SH-SY5Y neuroblastoma cells were pre-treated with 3 µg/ml U18666A for 6 h and with or without 250 nM TSA for 16 h. mRNA transcript levels of HMGCR, MVK, LDLR and ABCA1 were analyzed by qPCR. Values were normalized to the internal standard β-actin and are expressed as fold change relative to untreated cells. Data represent means ± SEM from at least three individual experiments (* p<0.05, ** p<0.01, *** p<0.001).

Figure 7. TSA treatment partially reverts the U18666A-induced phenotype by promoting cholesterol redistribution in neuroblastoma cells.
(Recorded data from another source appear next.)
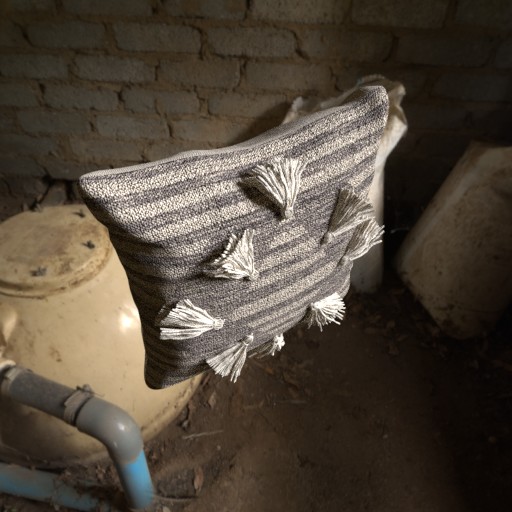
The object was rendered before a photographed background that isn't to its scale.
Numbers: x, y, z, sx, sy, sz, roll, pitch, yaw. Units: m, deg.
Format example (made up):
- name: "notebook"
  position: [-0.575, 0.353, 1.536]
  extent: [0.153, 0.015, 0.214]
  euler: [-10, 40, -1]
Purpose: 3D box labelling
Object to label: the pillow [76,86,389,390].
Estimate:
- name: "pillow"
  position: [0.000, 0.000, 0.766]
  extent: [0.484, 0.490, 0.234]
  euler: [-24, 50, -21]

A) Filipin III, lysosome-associated membrane protein 2 (LAMP-2) and acetyl-histone 4 (AcH4) immunofluorescence staining of SH-SY5Y cells pre-treated with 1 µg/ml U18666A for 24 h and with or without 250 nM TSA for 16 h. After the 24 h treatment with U18666A, the medium was removed and replaced with new medium without U18666A, and with or without TSA. Colocalization images of filipin III and LAMP-2 immunostaining are also presented. The results shown are representative of those obtained in at least three independent experiments. (scale bar = 40 µm). Quantification of filipin III fluorescence (B) and filipin III and LAMP-2 colocalization (C) was performed, the values were normalized to total cell number assessed by AcH4 immunostaining and are expressed as fold change relative to U18666A treated cells. Data represent means ± SEM of at least three independent experiments (* p<0.05).